▶ _TASK BRIEF_: Retype every line from the top of the entries down to the one with "list Deze verordening treedt", both included, and skip the pictures.

▶ _RECORD EXTRACTS_:
-=-=-

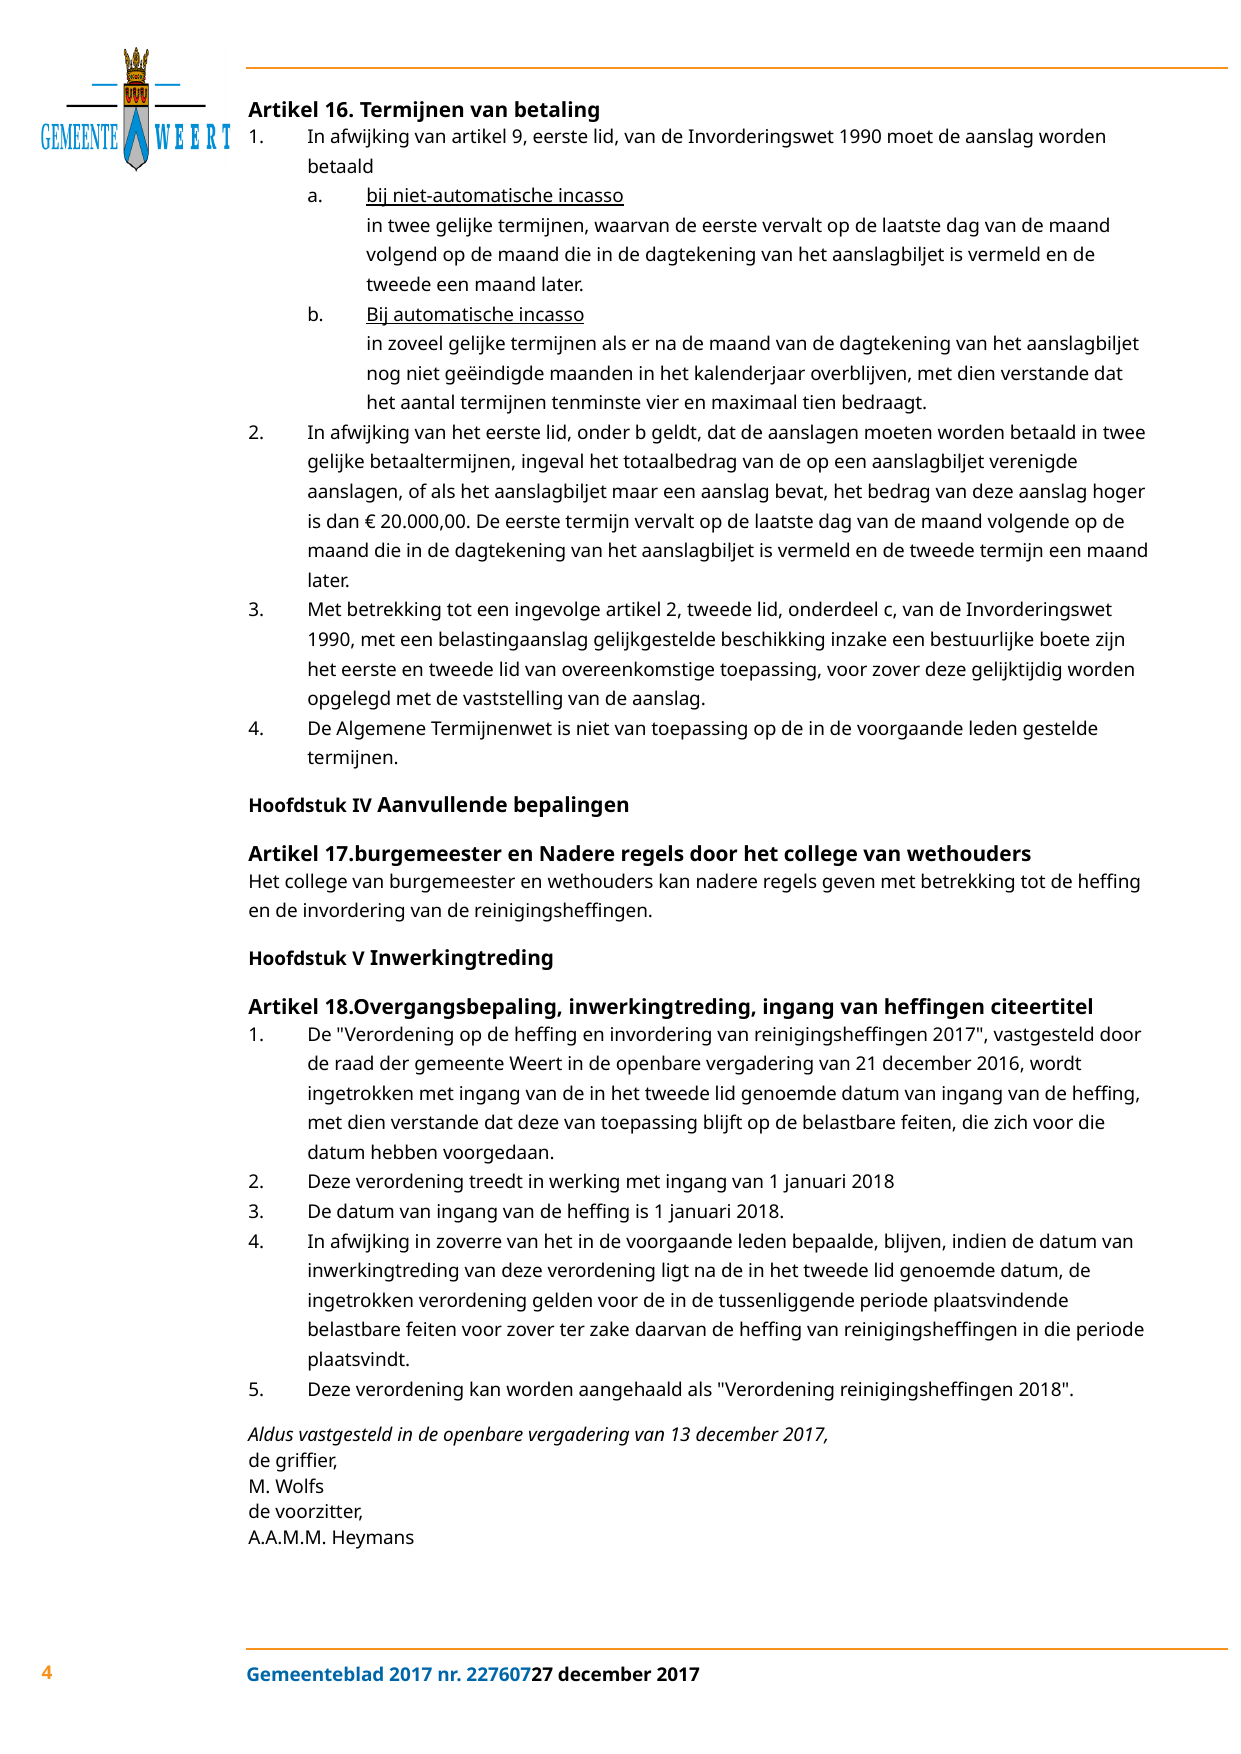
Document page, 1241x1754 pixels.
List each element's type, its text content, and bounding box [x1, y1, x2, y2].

list Deze verordening treedt in werking met ingang van 1 januari 2018 [248, 1169, 1152, 1194]
text Artikel 18.Overgangsbepaling, inwerkingtreding, ingang van heffingen citeertitel [248, 992, 1152, 1021]
text Artikel 16. Termijnen van betaling [248, 95, 1152, 123]
list Deze verordening kan worden aangehaald als "Verordening reinigingsheffingen 2018". [248, 1376, 1152, 1401]
text Aldus vastgesteld in de openbare vergadering van 13 december 2017, [248, 1421, 1152, 1447]
text Hoofdstuk V Inwerkingtreding [248, 943, 1152, 971]
list De datum van ingang van de heffing is 1 januari 2018. [248, 1198, 1152, 1224]
text de griffier, [248, 1447, 1152, 1473]
list in zoveel gelijke termijnen als er na de maand van de dagtekening van het aanslagbiljet nog niet geëindigde maanden in het kalenderjaar overblijven, met dien verstande dat het aantal termijnen tenminste vier en maximaal tien bedraagt. [307, 330, 1152, 415]
text Het college van burgemeester en wethouders kan nadere regels geven met betrekking tot de heffing en de invordering van de reinigingsheffingen. [248, 868, 1152, 923]
text Artikel 17.burgemeester en Nadere regels door het college van wethouders [248, 839, 1152, 868]
list Bij automatische incasso [307, 301, 1152, 326]
text de voorzitter, [248, 1498, 1152, 1524]
list In afwijking van het eerste lid, onder b geldt, dat de aanslagen moeten worden betaald in twee gelijke betaaltermijnen, ingeval het totaalbedrag van de op een aanslagbiljet verenigde aanslagen, of als het aanslagbiljet maar een aanslag bevat, het bedrag van deze aanslag hoger is dan € 20.000,00. De eerste termijn vervalt op de laatste dag van de maand volgende op de maand die in de dagtekening van het aanslagbiljet is vermeld en de tweede termijn een maand later. [248, 419, 1152, 593]
text A.A.M.M. Heymans [248, 1524, 1152, 1550]
list bij niet-automatische incasso [307, 182, 1152, 208]
list In afwijking van artikel 9, eerste lid, van de Invorderingswet 1990 moet de aanslag worden betaald [248, 123, 1152, 178]
list De Algemene Termijnenwet is niet van toepassing op de in de voorgaande leden gestelde termijnen. [248, 715, 1152, 770]
picture [41, 47, 231, 172]
text M. Wolfs [248, 1473, 1152, 1498]
text Hoofdstuk IV Aanvullende bepalingen [248, 790, 1152, 818]
list In afwijking in zoverre van het in de voorgaande leden bepaalde, blijven, indien de datum van inwerkingtreding van deze verordening ligt na de in het tweede lid genoemde datum, de ingetrokken verordening gelden voor de in de tussenliggende periode plaatsvindende belastbare feiten voor zover ter zake daarvan de heffing van reinigingsheffingen in die periode plaatsvindt. [248, 1228, 1152, 1372]
list Met betrekking tot een ingevolge artikel 2, tweede lid, onderdeel c, van de Invorderingswet 1990, met een belastingaanslag gelijkgestelde beschikking inzake een bestuurlijke boete zijn het eerste en tweede lid van overeenkomstige toepassing, voor zover deze gelijktijdig worden opgelegd met de vaststelling van de aanslag. [248, 597, 1152, 711]
list De "Verordening op de heffing en invordering van reinigingsheffingen 2017", vastgesteld door de raad der gemeente Weert in de openbare vergadering van 21 december 2016, wordt ingetrokken met ingang van de in het tweede lid genoemde datum van ingang van de heffing, met dien verstande dat deze van toepassing blijft op de belastbare feiten, die zich voor die datum hebben voorgedaan. [248, 1021, 1152, 1165]
list in twee gelijke termijnen, waarvan de eerste vervalt op de laatste dag van de maand volgend op de maand die in de dagtekening van het aanslagbiljet is vermeld en de tweede een maand later. [307, 212, 1152, 297]
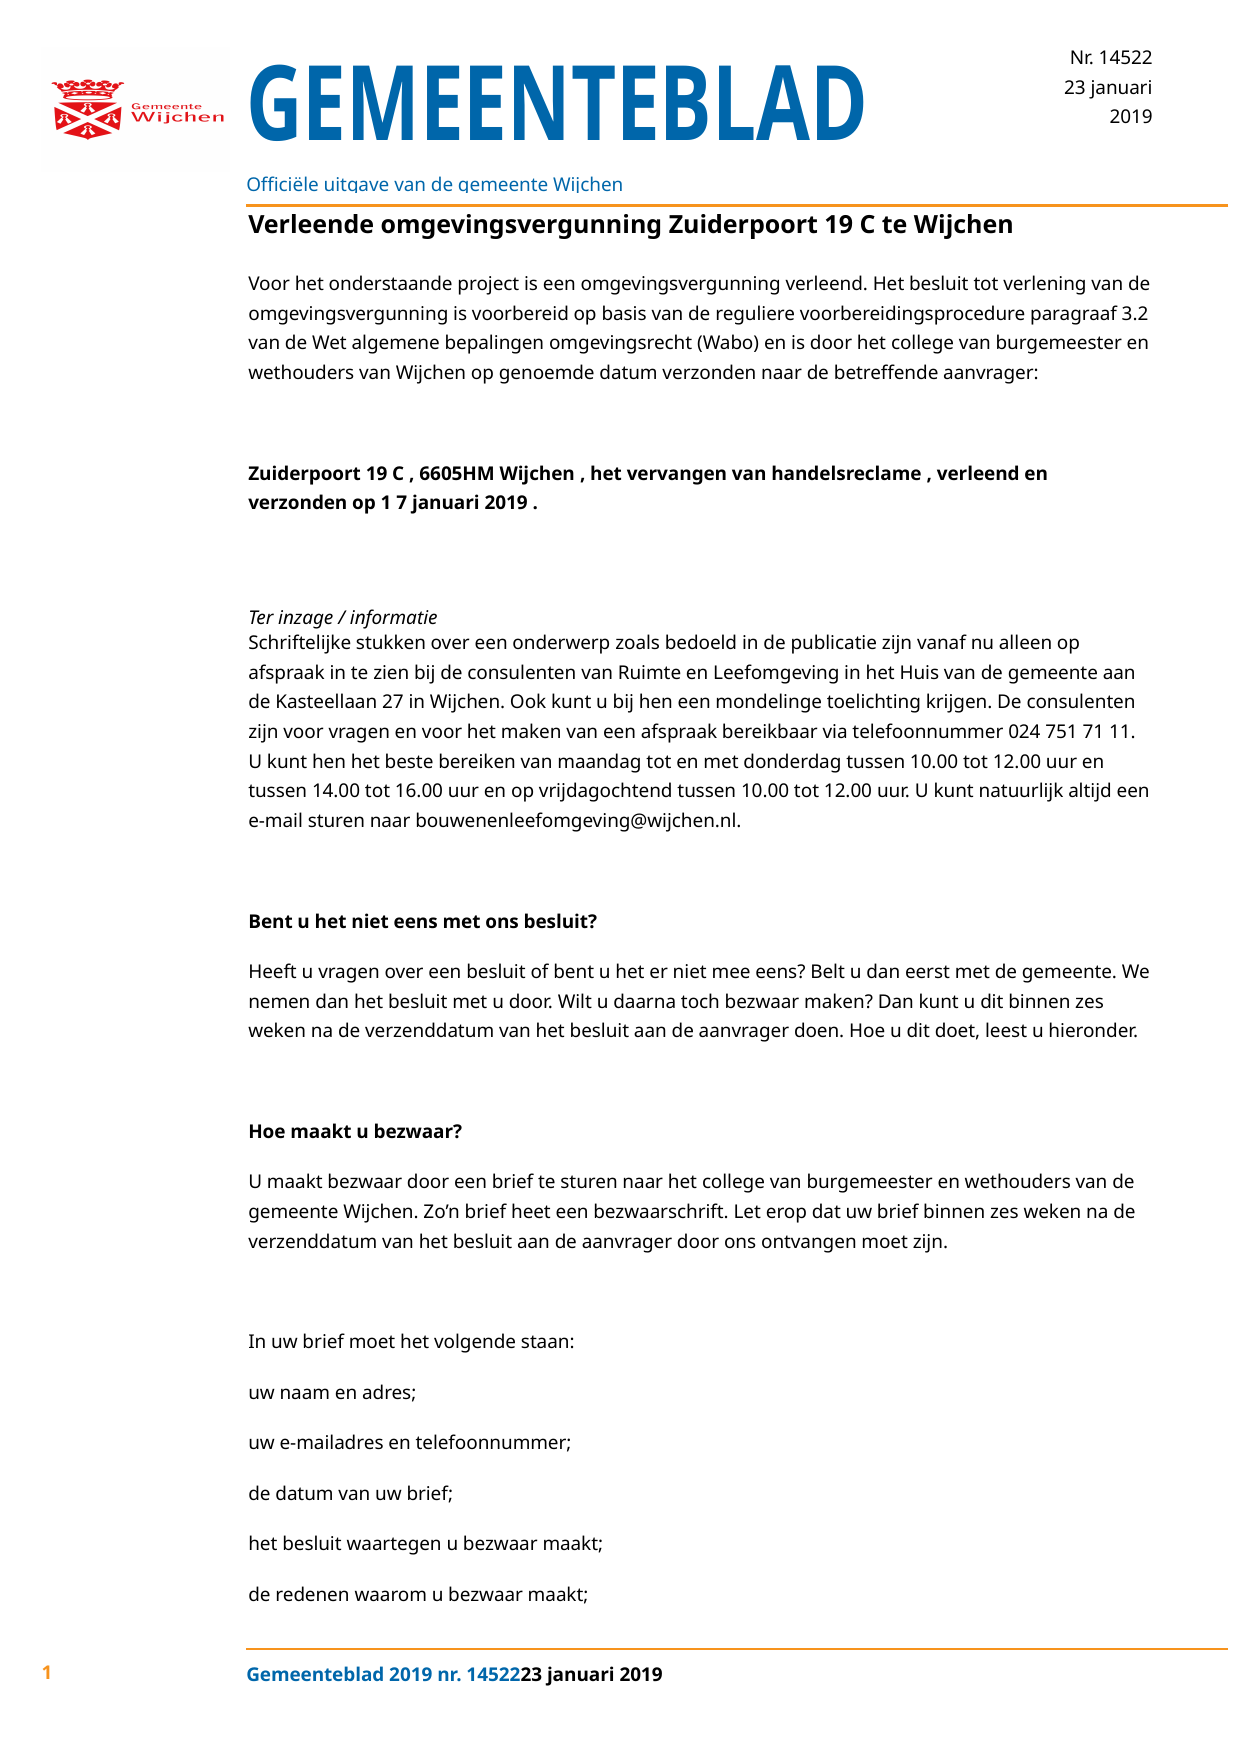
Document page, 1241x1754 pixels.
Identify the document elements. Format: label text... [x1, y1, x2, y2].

text Zuiderpoort 19 C , 6605HM Wijchen , het vervangen van handelsreclame , verleend en verzonden op 1 7 januari 2019 . [248, 460, 1152, 515]
text Heeft u vragen over een besluit of bent u het er niet mee eens? Belt u dan eerst met de gemeente. We nemen dan het besluit met u door. Wilt u daarna toch bezwaar maken? Dan kunt u dit binnen zes weken na de verzenddatum van het besluit aan de aanvrager doen. Hoe u dit doet, leest u hieronder. [248, 958, 1152, 1043]
text U maakt bezwaar door een brief te sturen naar het college van burgemeester en wethouders van de gemeente Wijchen. Zo’n brief heet een bezwaarschrift. Let erop dat uw brief binnen zes weken na de verzenddatum van het besluit aan de aanvrager door ons ontvangen moet zijn. [248, 1169, 1152, 1254]
text het besluit waartegen u bezwaar maakt; [248, 1530, 1152, 1556]
text In uw brief moet het volgende staan: [248, 1329, 1152, 1354]
picture [41, 47, 231, 172]
text Verleende omgevingsvergunning Zuiderpoort 19 C te Wijchen [248, 207, 1152, 241]
text Schriftelijke stukken over een onderwerp zoals bedoeld in de publicatie zijn vanaf nu alleen op afspraak in te zien bij de consulenten van Ruimte en Leefomgeving in het Huis van de gemeente aan de Kasteellaan 27 in Wijchen. Ook kunt u bij hen een mondelinge toelichting krijgen. De consulenten zijn voor vragen en voor het maken van een afspraak bereikbaar via telefoonnummer 024 751 71 11. U kunt hen het beste bereiken van maandag tot en met donderdag tussen 10.00 tot 12.00 uur en tussen 14.00 tot 16.00 uur en op vrijdagochtend tussen 10.00 tot 12.00 uur. U kunt natuurlijk altijd een e-mail sturen naar bouwenenleefomgeving@wijchen.nl. [248, 629, 1152, 833]
text uw naam en adres; [248, 1379, 1152, 1405]
text uw e-mailadres en telefoonnummer; [248, 1429, 1152, 1455]
text Bent u het niet eens met ons besluit? [248, 908, 1152, 934]
text Ter inzage / informatie [248, 604, 1152, 629]
text de redenen waarom u bezwaar maakt; [248, 1581, 1152, 1607]
text Hoe maakt u bezwaar? [248, 1118, 1152, 1144]
text Voor het onderstaande project is een omgevingsvergunning verleend. Het besluit tot verlening van de omgevingsvergunning is voorbereid op basis van de reguliere voorbereidingsprocedure paragraaf 3.2 van de Wet algemene bepalingen omgevingsrecht (Wabo) en is door het college van burgemeester en wethouders van Wijchen op genoemde datum verzonden naar de betreffende aanvrager: [248, 270, 1152, 385]
text de datum van uw brief; [248, 1480, 1152, 1506]
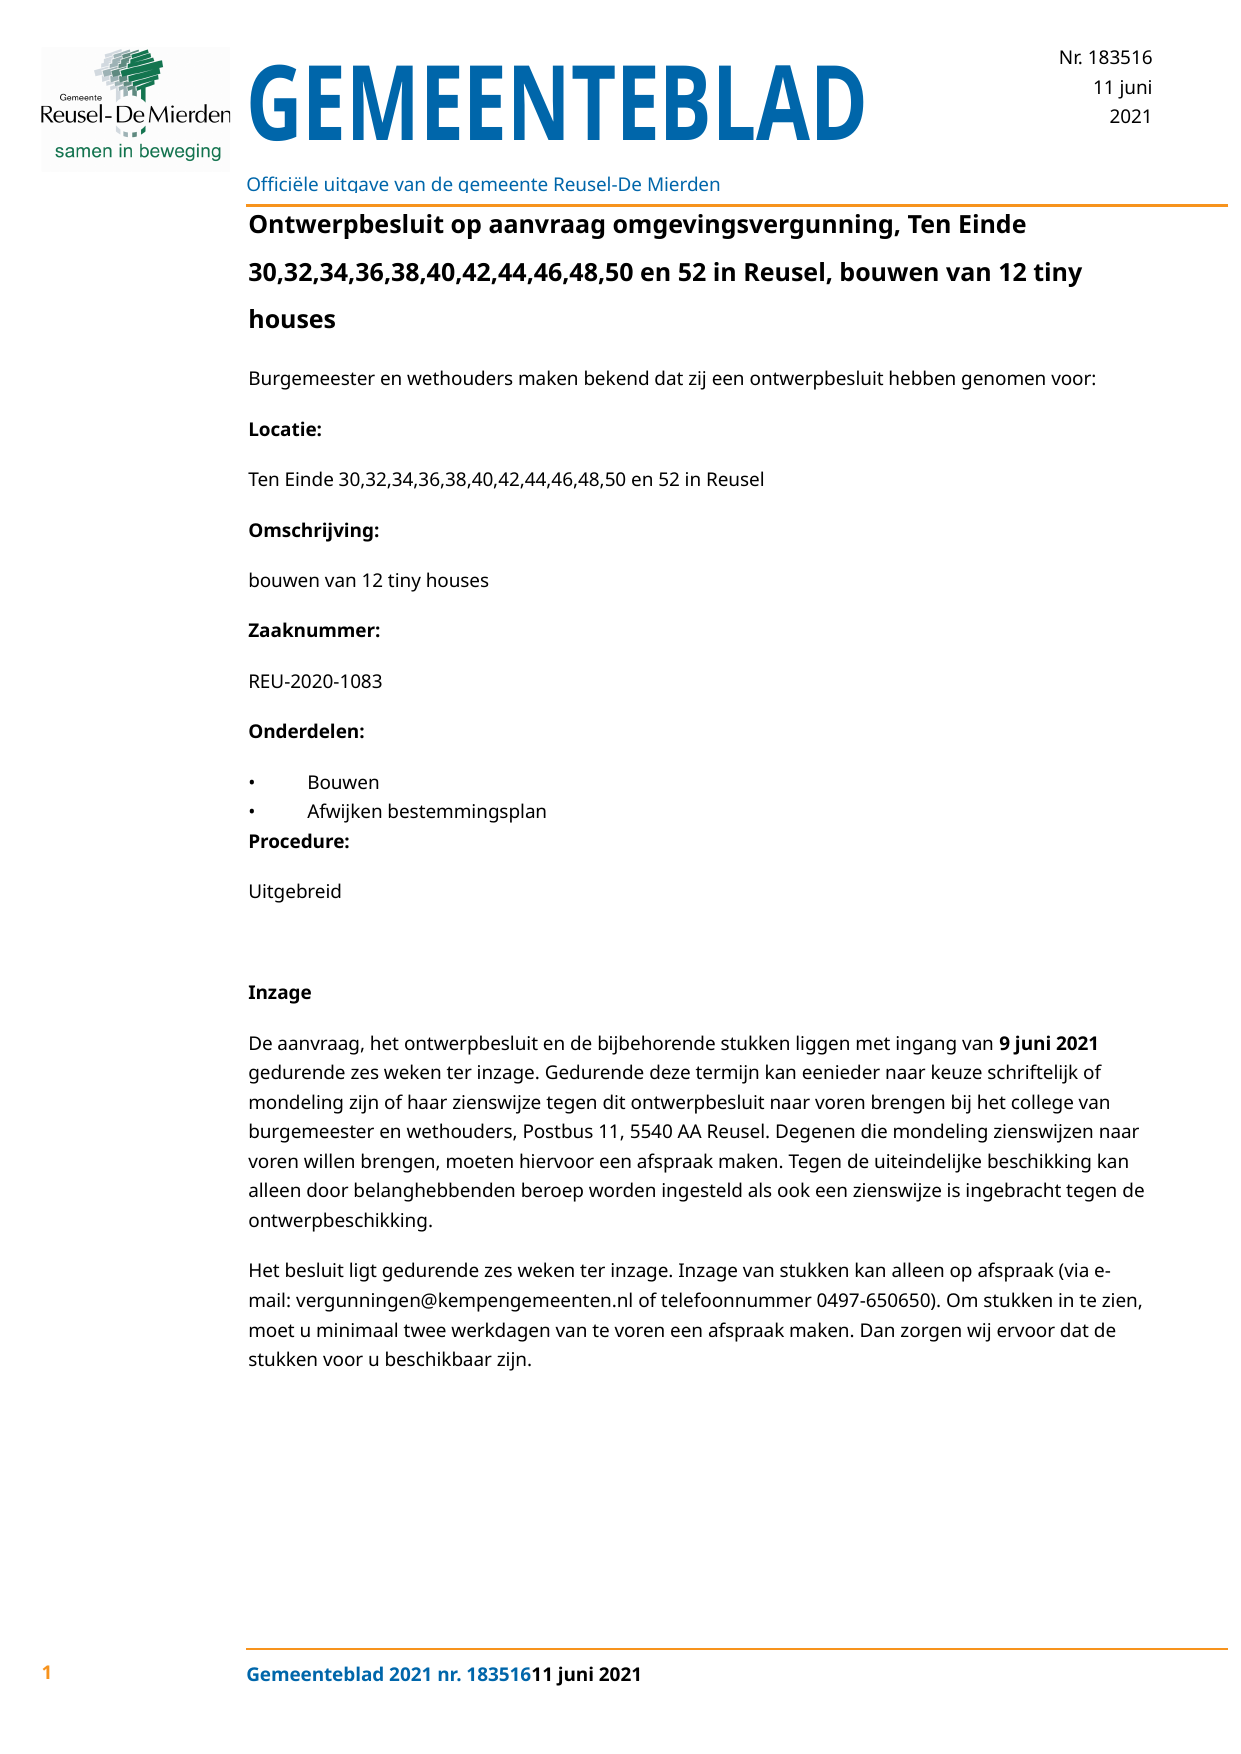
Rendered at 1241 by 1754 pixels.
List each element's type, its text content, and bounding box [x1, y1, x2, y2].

text Ontwerpbesluit op aanvraag omgevingsvergunning, Ten Einde 30,32,34,36,38,40,42,44,46,48,50 en 52 in Reusel, bouwen van 12 tiny houses [248, 207, 1152, 336]
text Omschrijving: [248, 517, 1152, 542]
picture [41, 47, 231, 172]
text Zaaknummer: [248, 618, 1152, 643]
text Ten Einde 30,32,34,36,38,40,42,44,46,48,50 en 52 in Reusel [248, 466, 1152, 492]
text Het besluit ligt gedurende zes weken ter inzage. Inzage van stukken kan alleen op afspraak (via e-mail: vergunningen@kempengemeenten.nl of telefoonnummer 0497-650650). Om stukken in te zien, moet u minimaal twee werkdagen van te voren een afspraak maken. Dan zorgen wij ervoor dat de stukken voor u beschikbaar zijn. [248, 1258, 1152, 1372]
text De aanvraag, het ontwerpbesluit en de bijbehorende stukken liggen met ingang van 9 juni 2021 gedurende zes weken ter inzage. Gedurende deze termijn kan eenieder naar keuze schriftelijk of mondeling zijn of haar zienswijze tegen dit ontwerpbesluit naar voren brengen bij het college van burgemeester en wethouders, Postbus 11, 5540 AA Reusel. Degenen die mondeling zienswijzen naar voren willen brengen, moeten hiervoor een afspraak maken. Tegen de uiteindelijke beschikking kan alleen door belanghebbenden beroep worden ingesteld als ook een zienswijze is ingebracht tegen de ontwerpbeschikking. [248, 1030, 1152, 1233]
text Onderdelen: [248, 718, 1152, 744]
list Bouwen [248, 769, 1152, 794]
text Inzage [248, 979, 1152, 1005]
text Uitgebreid [248, 878, 1152, 904]
text bouwen van 12 tiny houses [248, 567, 1152, 593]
text Locatie: [248, 416, 1152, 442]
text REU-2020-1083 [248, 668, 1152, 694]
text Burgemeester en wethouders maken bekend dat zij een ontwerpbesluit hebben genomen voor: [248, 366, 1152, 391]
list Afwijken bestemmingsplan [248, 798, 1152, 824]
text Procedure: [248, 828, 1152, 854]

-=-=-

▶ _FINAL ANSWER_:
Document page, 1241x1754 pixels.
List each element's type, its text content, and bounding box [x1, y1, x2, y2].

list Deze verordening treedt in werking met ingang van 1 januari 2018 [248, 1169, 1152, 1194]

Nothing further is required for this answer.